Under usual circumstances employers would have soon faced deadlines for data submission. For public sector employers this would have been midnight of 30 March, while for private and voluntary sector employers this would have been midnight of 4 April.

In a joint statement, Minister for Women and Equalities Liz Truss and Equality and Human Rights Commission Chair David Isaac said: “We recognise that employers across the country are facing unprecedented uncertainty and pressure at this time.

“Because of this we feel it is only right to suspend enforcement of gender pay gap reporting this year.”

This development follows other measures by government to reduce pressure on businesses, including the deferment of VAT and income tax payments.

Under normal circumstances the Commission has the power to investigate employers failing to report gender pay gap data.

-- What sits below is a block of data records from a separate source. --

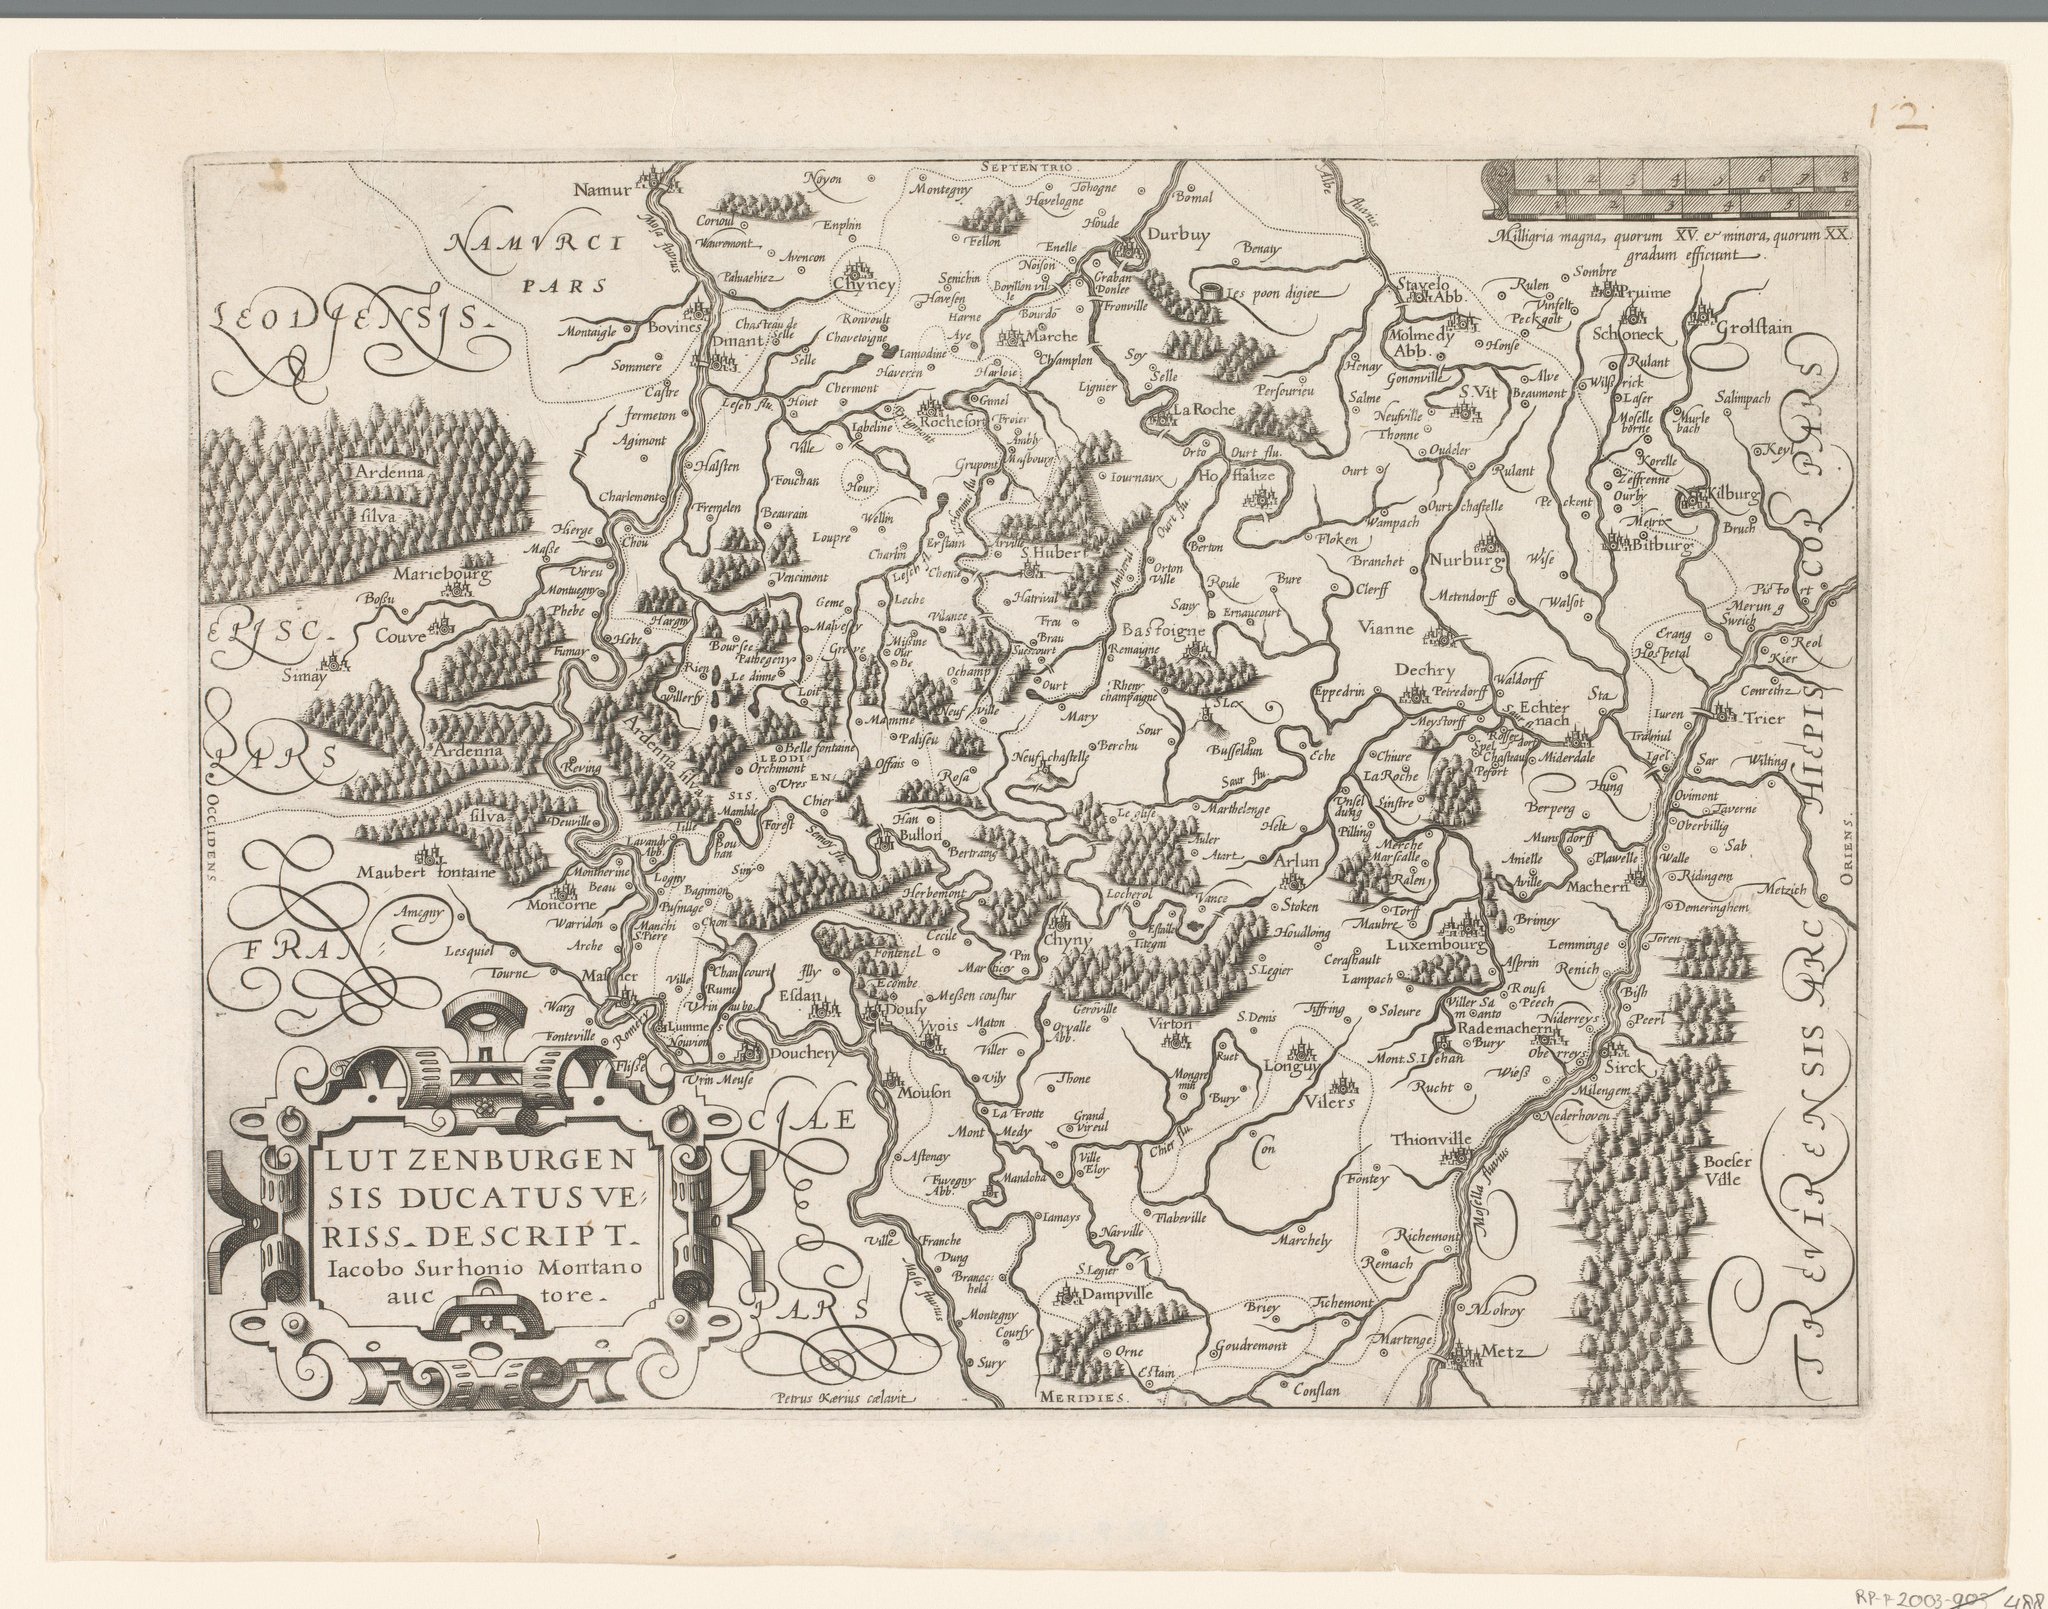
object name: map
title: Kaart van het hertogdom Luxemburg
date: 1607-1609
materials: paper
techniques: engraving, etching
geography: southern netherlands
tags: maps of separate countries or regions
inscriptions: number: ‘12’
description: Kaart van het hertogdom Luxemburg (Luxembourg). Linksonder een cartouche met de titel, rechtsboven twee schaalstokken. Onderdeel van de verzameling kaarten genomen uit een latere editie van: Descrittione di tutti i Paesi Bassi van Lodovico Guicciardini.

They can then be subject to unlimited fines if this results in court action.

More than 3,000 employers have already reported their data via the website this year which accounts for 26% of expected reporters.

The Equalities Office will continue to provide support to employers in reporting their data should they wish to do so.

Gender pay gap reporting has been compulsory in the UK for employers with 250 or more staff since 2017. In 2019 this resulted in over 10,500 employers submitting data and 100% compliance.

At the same time, 328 warning letters were sent for missing the deadline and 50 employers were threatened with investigation.